Exponential (Multiplicative) Growth
Multiplied by a fixed factor each step
0.001 × 2 × 2 × ...
(just 46 times)
Paper folds to Moon:
Only 46 folds!
Exponential growth appears slow initially but outpaces linear growth dramatically
Key insight: Linear growth is additive (add the same amount repeatedly). Exponential growth is multiplicative (multiply by the same factor repeatedly). The Moon-ladder example needs 192 crore steps; but paper folding reaches there in just 46 folds. That's the power of exponential growth!
Interactive: Scientific Notation Converter
Scientific Notation Converter
All Laws of Exponents — Summary
Complete Laws of Exponents
| Law | Formula | Example |
|---|---|---|
| Product (same base) | \(n^a \times n^b = n^{a+b}\) | \(2^3 \times 2^5 = 2^8\) |
| Power of power | \((n^a)^b = n^{ab}\) | \((3^2)^4 = 3^8\) |
| Division (same base) | \(n^a \div n^b = n^{a-b}\) | \(5^7 \div 5^3 = 5^4\) |
| Same exponent (product) | \(m^a \times n^a = (mn)^a\) | \(2^4 \times 3^4 = 6^4\) |
| Same exponent (quotient) | \(m^a \div n^a = (m/n)^a\) | \(10^4 \div 5^4 = 2^4\) |
| Zero exponent | \(n^0 = 1\) (n≠0) | \(7^0 = 1\) |
| Negative exponent | \(n^{-a} = 1/n^a\) | \(2^{-3} = 1/8\) |
Competency-Based Questions
Q1. Write \(\frac{1}{10000}\) in exponential form using (i) positive exponent, (ii) negative exponent. L1 Remember
(i) \(\frac{1}{10000} = \frac{1}{10^4} = 10^{-4}\) — that's already with negative exponent.
(ii) With positive: \(\frac{1}{10^4}\).
Both represent the same value. The negative exponent notation \(10^{-4}\) is more compact.
Q2. The distance from Earth to the nearest star (Proxima Centauri) is approximately \(4 \times 10^{16}\) m. The distance from Earth to the Sun is \(1.5 \times 10^{11}\) m. How many times farther is Proxima Centauri than the Sun? Express your answer as a power of 10. L3 Apply
\(\frac{4 \times 10^{16}}{1.5 \times 10^{11}} = \frac{4}{1.5} \times 10^{16-11} = 2.67 \times 10^5 \approx 2.7 \times 10^5\)
Proxima Centauri is about 2,70,000 times farther than the Sun!
Q3. Simplify and write in exponential form: \(\dfrac{(3^4)^2 \times 3^{-5}}{3^3}\) L3 Apply
\((3^4)^2 = 3^8\)
Numerator: \(3^8 \times 3^{-5} = 3^{8+(-5)} = 3^3\)

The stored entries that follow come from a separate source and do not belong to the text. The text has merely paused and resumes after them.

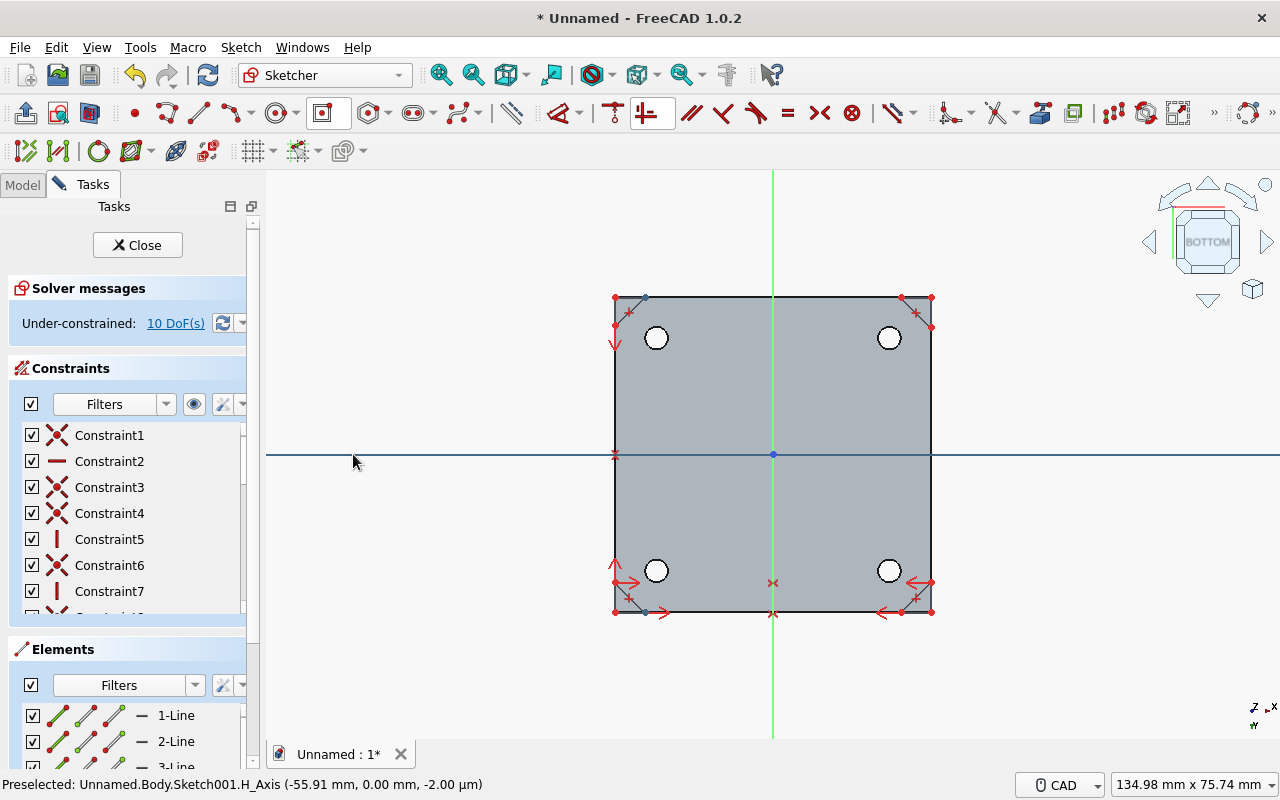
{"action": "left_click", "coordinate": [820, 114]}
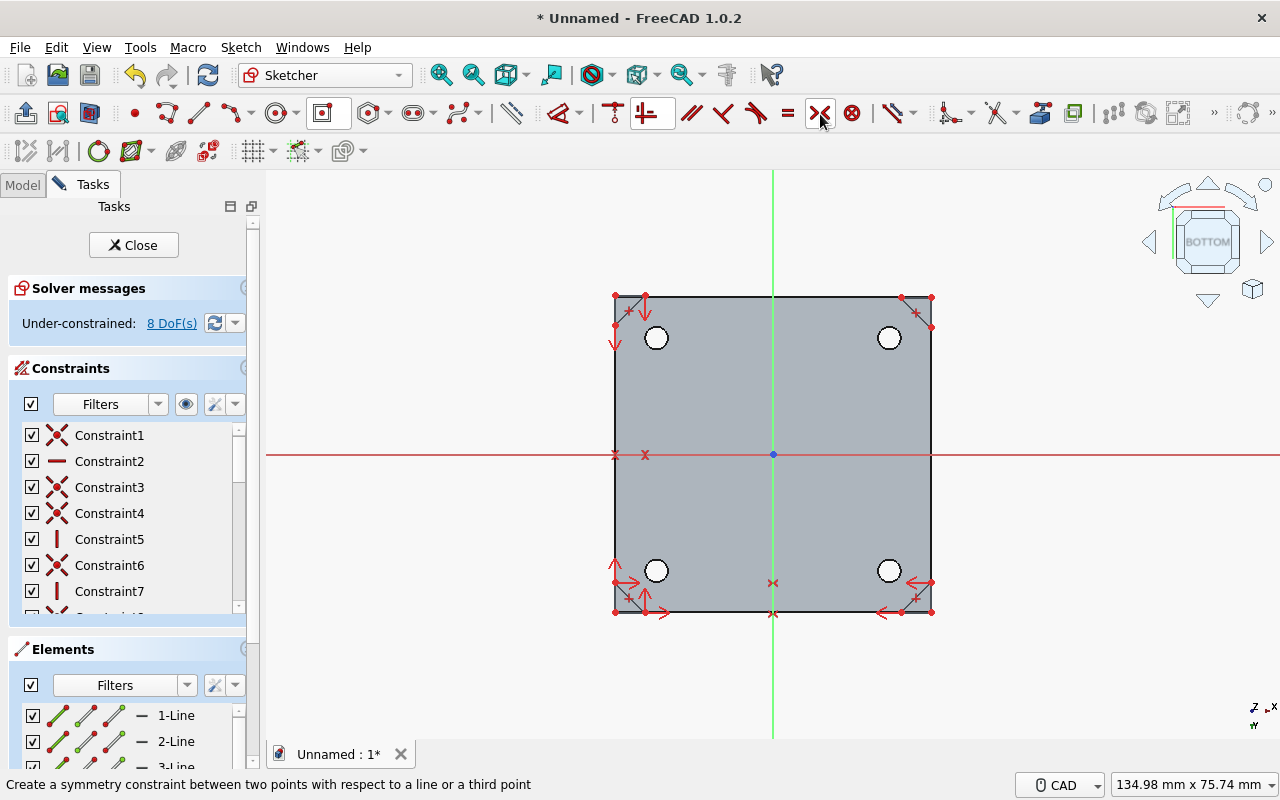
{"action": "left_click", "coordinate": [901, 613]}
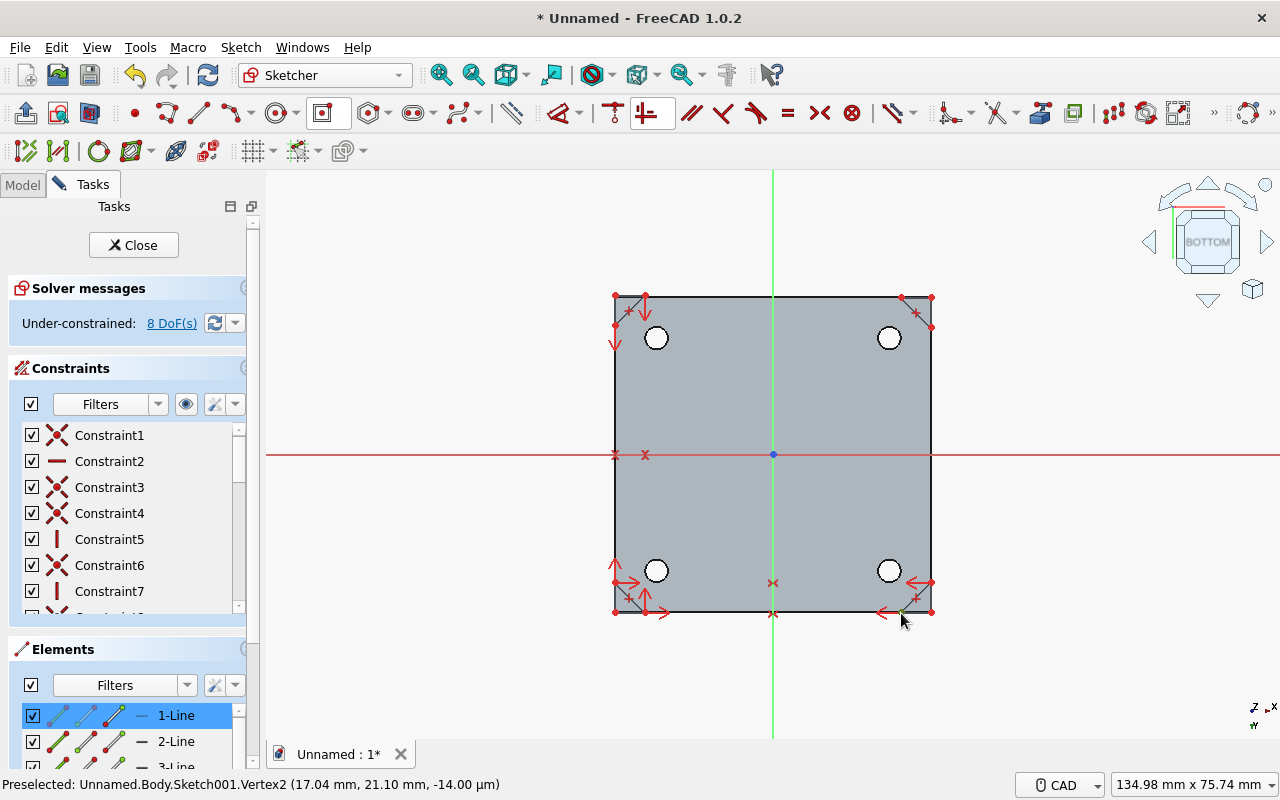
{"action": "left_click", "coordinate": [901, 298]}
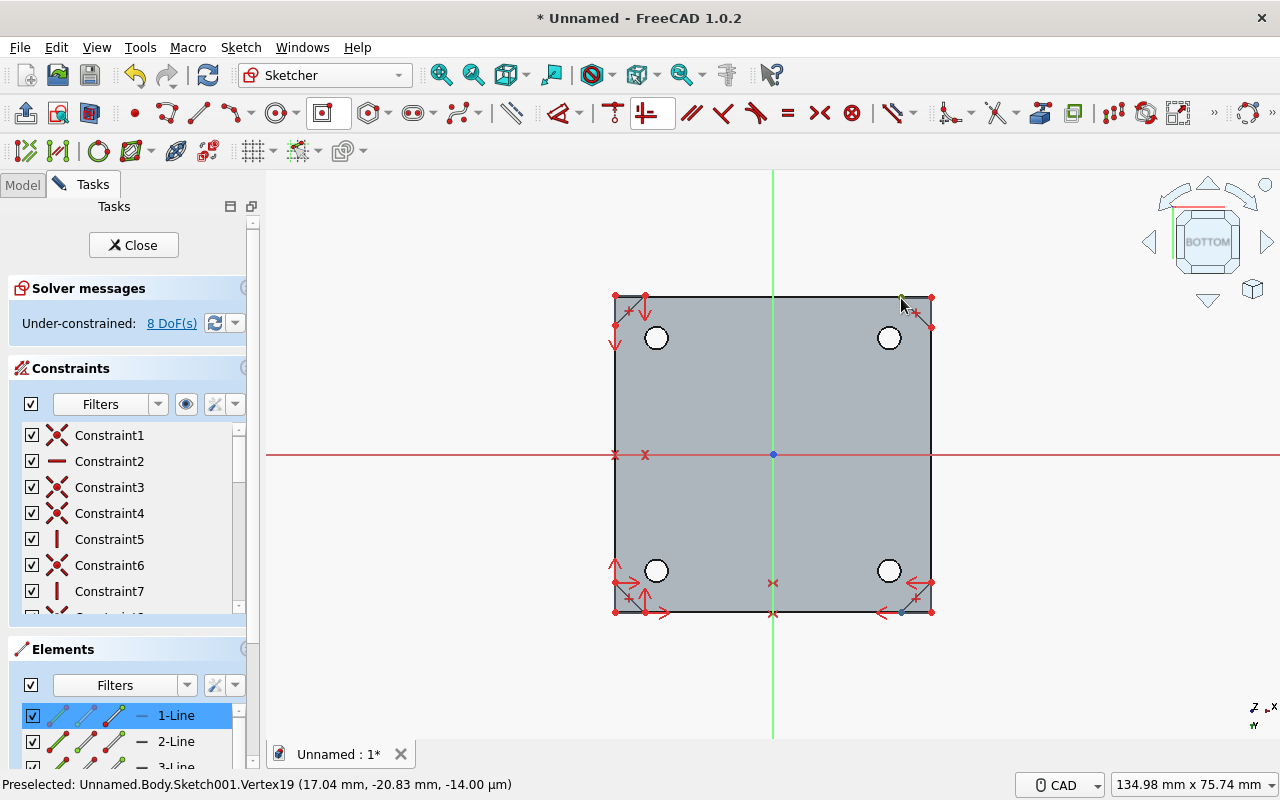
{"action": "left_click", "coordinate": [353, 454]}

Full expression: \(3^3 \div 3^3 = 3^0 = \mathbf{1}\)
Q4. Nandita says "10⁻⁵ is smaller than 10⁻³ because 5 > 3." Deepak says "No, 10⁻⁵ is smaller, but the reason is \(10^{-5} = \frac{1}{10^5}\) and \(\frac{1}{10^5} < \frac{1}{10^3}\)." Who gave the correct reasoning? L4 Analyse
Deepak gave the correct reasoning. Nandita's statement (10⁻⁵ is smaller) is correct, but her reasoning is incomplete/misleading. The correct explanation is: \(10^{-5} = \frac{1}{10^5} = 0.00001\) and \(10^{-3} = \frac{1}{10^3} = 0.001\), and \(0.00001 < 0.001\). ✓
Q5. A bacteria colony doubles every hour. At noon, there are \(10^6\) bacteria. Write expressions for the count at (i) 3 PM, (ii) 9 AM. Express in scientific notation. Comment on which direction (past or future) requires negative exponents. L5 Evaluate
(i) 3 PM = noon + 3 hours: \(10^6 \times 2^3 = 10^6 \times 8 = 8 \times 10^6\)
(ii) 9 AM = noon − 3 hours: \(10^6 \times 2^{-3} = 10^6 \times \frac{1}{8} = \frac{10^6}{8} = 1.25 \times 10^5\)
Going backward in time (before noon) requires negative exponents because the colony was smaller — halving with each hour backward. Negative exponents capture "undoing" multiplication, i.e., division.
Assertion–Reason Questions
Options: (A) Both true, Reason is correct explanation. (B) Both true, Reason is NOT correct explanation. (C) Assertion true, Reason false. (D) Assertion false, Reason true.
ARQ 1.
Assertion: \(n^0 = 1\) for all values of \(n\).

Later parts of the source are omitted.